3 lata temu doradziliście mi rewelacyjnie i gdy przycisnęła mnie sytuacja życiowa znów szukam pomocy u speców.
Byłem niedawno na forcie i nie miałem przy sobie żadnego świecidełka, które świeci, a nie udaje, że świec. Sprawa z włażeniem pod ziemię wyszła spontanicznie i dlatego nie miałem mojej latarki ze sobą i na takie sytuacje szukam sprzętu.
Obecnie mam przy sobie takie coś:
http://www.tightlines.co.nz/Product/p/10938/g/1540
Śmieszne to świecidełko, ale ma korbkę, pokręcę 10 razy i świeci - do samochodu wejdę, drzwi od domu oświetlę, a zazwyczaj nawet kręcić nie trzeba - panel słoneczny zawsze coś to podładuje i prąd jest. Niestety w opisanej powyżej sytuacji poległo to to sromotnie.

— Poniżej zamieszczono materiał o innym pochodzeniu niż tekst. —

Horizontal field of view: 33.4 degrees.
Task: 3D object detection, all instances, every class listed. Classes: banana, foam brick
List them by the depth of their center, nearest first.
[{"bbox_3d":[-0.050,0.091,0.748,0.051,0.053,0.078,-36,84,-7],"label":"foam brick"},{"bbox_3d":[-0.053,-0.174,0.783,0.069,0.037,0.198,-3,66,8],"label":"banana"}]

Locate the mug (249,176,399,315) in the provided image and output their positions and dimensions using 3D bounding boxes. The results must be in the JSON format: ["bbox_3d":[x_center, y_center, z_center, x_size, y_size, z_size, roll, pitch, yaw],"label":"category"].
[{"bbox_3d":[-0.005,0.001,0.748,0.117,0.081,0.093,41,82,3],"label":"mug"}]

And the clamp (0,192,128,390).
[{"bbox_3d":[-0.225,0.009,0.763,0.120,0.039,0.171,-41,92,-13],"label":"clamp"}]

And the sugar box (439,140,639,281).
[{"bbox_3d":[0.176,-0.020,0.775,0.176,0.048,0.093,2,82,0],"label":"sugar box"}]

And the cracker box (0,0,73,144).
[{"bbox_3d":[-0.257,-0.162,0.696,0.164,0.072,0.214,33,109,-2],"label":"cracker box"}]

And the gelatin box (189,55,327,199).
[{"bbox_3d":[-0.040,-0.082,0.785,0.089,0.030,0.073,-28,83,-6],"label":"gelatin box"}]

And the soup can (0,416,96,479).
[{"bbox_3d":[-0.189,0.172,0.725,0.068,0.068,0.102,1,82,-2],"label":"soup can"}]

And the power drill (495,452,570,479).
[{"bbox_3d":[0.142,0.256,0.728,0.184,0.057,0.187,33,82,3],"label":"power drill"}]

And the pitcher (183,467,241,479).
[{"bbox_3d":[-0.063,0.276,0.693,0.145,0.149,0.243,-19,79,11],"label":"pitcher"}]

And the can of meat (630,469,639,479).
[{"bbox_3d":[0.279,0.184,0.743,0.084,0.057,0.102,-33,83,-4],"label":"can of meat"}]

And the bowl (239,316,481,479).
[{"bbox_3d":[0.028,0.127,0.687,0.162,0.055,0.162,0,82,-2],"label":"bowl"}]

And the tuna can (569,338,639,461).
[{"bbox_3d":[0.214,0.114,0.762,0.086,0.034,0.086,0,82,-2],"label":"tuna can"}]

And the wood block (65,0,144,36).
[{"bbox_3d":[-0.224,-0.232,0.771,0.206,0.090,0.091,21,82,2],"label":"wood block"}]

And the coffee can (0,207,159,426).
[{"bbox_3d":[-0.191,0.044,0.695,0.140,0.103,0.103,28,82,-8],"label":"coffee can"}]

Chodzi mi o coś maksymalnie kompaktowego, ale wykonanego lepiej niż ten breloczek powyżej oraz z jakąś możliwością naładowania tego bez sieci, wymiany baterii itp. No i świecącego tak bym coś po ciemku widział w bunkrze

Są w ogóle takie cuda?
Alternatywnie sprzęt niewielki, na paluszka AAA, albo coś w ten deseń łatwego do wymiany lub może jest akumulatorek AAA ładowany przez USB? No nie wiem sam - nie znam sie i wymyślam na gorąco.
Pozdrawiam serdecznie!
PS
Nie wiedziałem gdzie to wstawić więc Admini niech przeniosą jeśli to nie ten dział.